Don't shut down all your trades in a panic. If it has already fallen, set a rational stop and let the market take you away. The most serious thing is to remain in the market in a downtrend, as this does lead to losses, not small scares that soon recover.

On the other hand, sometimes all we have to do is press the panic button. But this is usually not the best option. It's not easy.

Did you lose leveraged?

Even if you lose leveraged, don't try to recover leveraged. Don't take revenge on the market. If things aren't going well, go on the spot all your life.

After all, with a lot or little money, we all have a limited number of attempts. Not many . You have to not waste chances, because this is the kind of thing that leads to losses.

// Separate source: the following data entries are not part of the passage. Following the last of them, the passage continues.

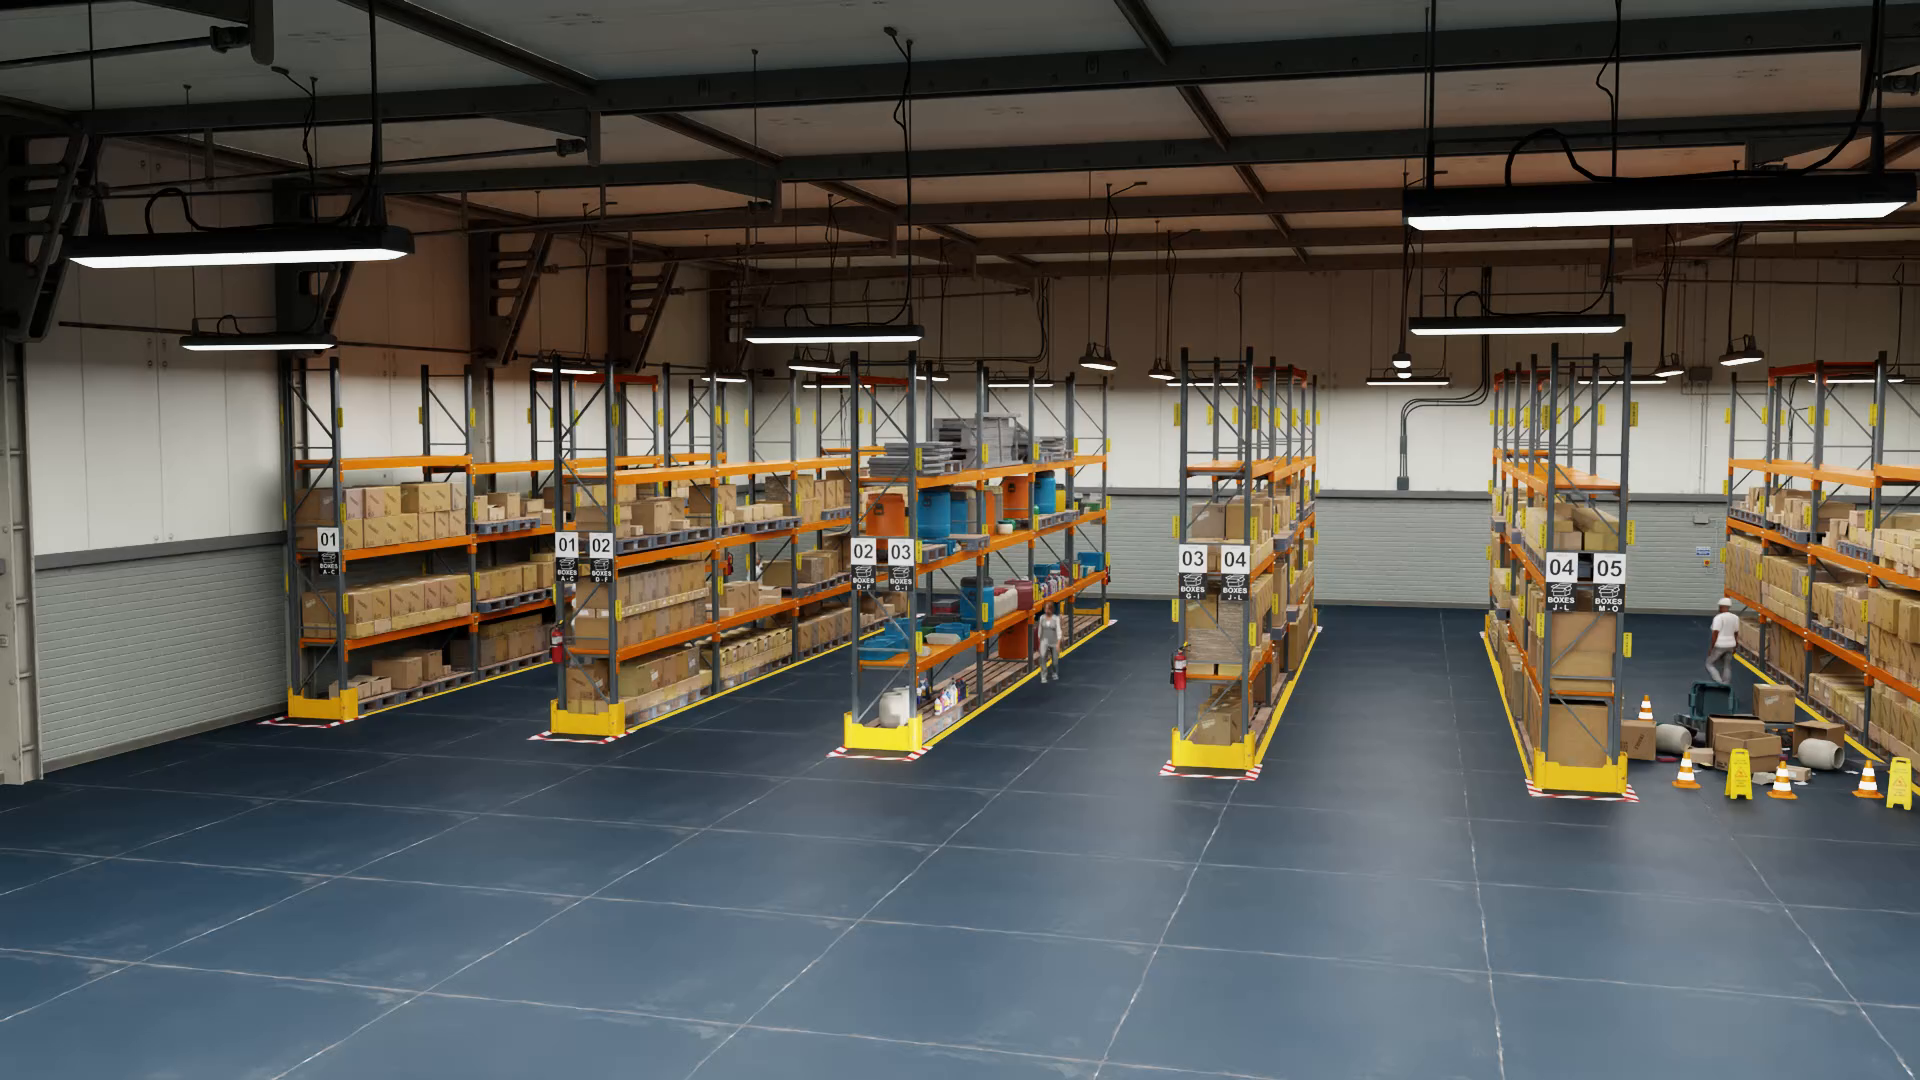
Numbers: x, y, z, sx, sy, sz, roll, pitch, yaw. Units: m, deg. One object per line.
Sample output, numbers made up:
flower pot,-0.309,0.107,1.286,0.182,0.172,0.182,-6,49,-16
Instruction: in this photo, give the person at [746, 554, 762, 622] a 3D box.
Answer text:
person,-5.011,1.157,40.932,0.505,1.629,0.965,1,4,12

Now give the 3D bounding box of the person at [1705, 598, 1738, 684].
person,13.665,1.930,29.821,0.634,1.791,0.390,-1,4,-15

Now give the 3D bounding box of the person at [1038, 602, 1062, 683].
person,1.610,1.832,29.760,0.431,1.459,0.948,1,4,8

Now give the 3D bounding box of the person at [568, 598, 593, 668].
person,-7.458,1.737,32.644,0.519,1.815,0.574,3,5,35

Price action > Support or Resistance Lines

This is a controversial statement. Looking at the price action on the 15-minute timeframe may mean something, but never on the 5-minute timeframe. If you are going to look at the 5-minute breakout, enter only after the breakout pullback, never at the breakout. It is necessary to wait for this type of confirmation. If you go up without a pullback once in a while, be patient. Better than trying to guess every time.

In addition, observing trend channels helps a lot to give context, so that you can make your decision considering a larger trend scenario and the eventual approach of resistance. In other words, price action in a 5-minute timeframe is nothing.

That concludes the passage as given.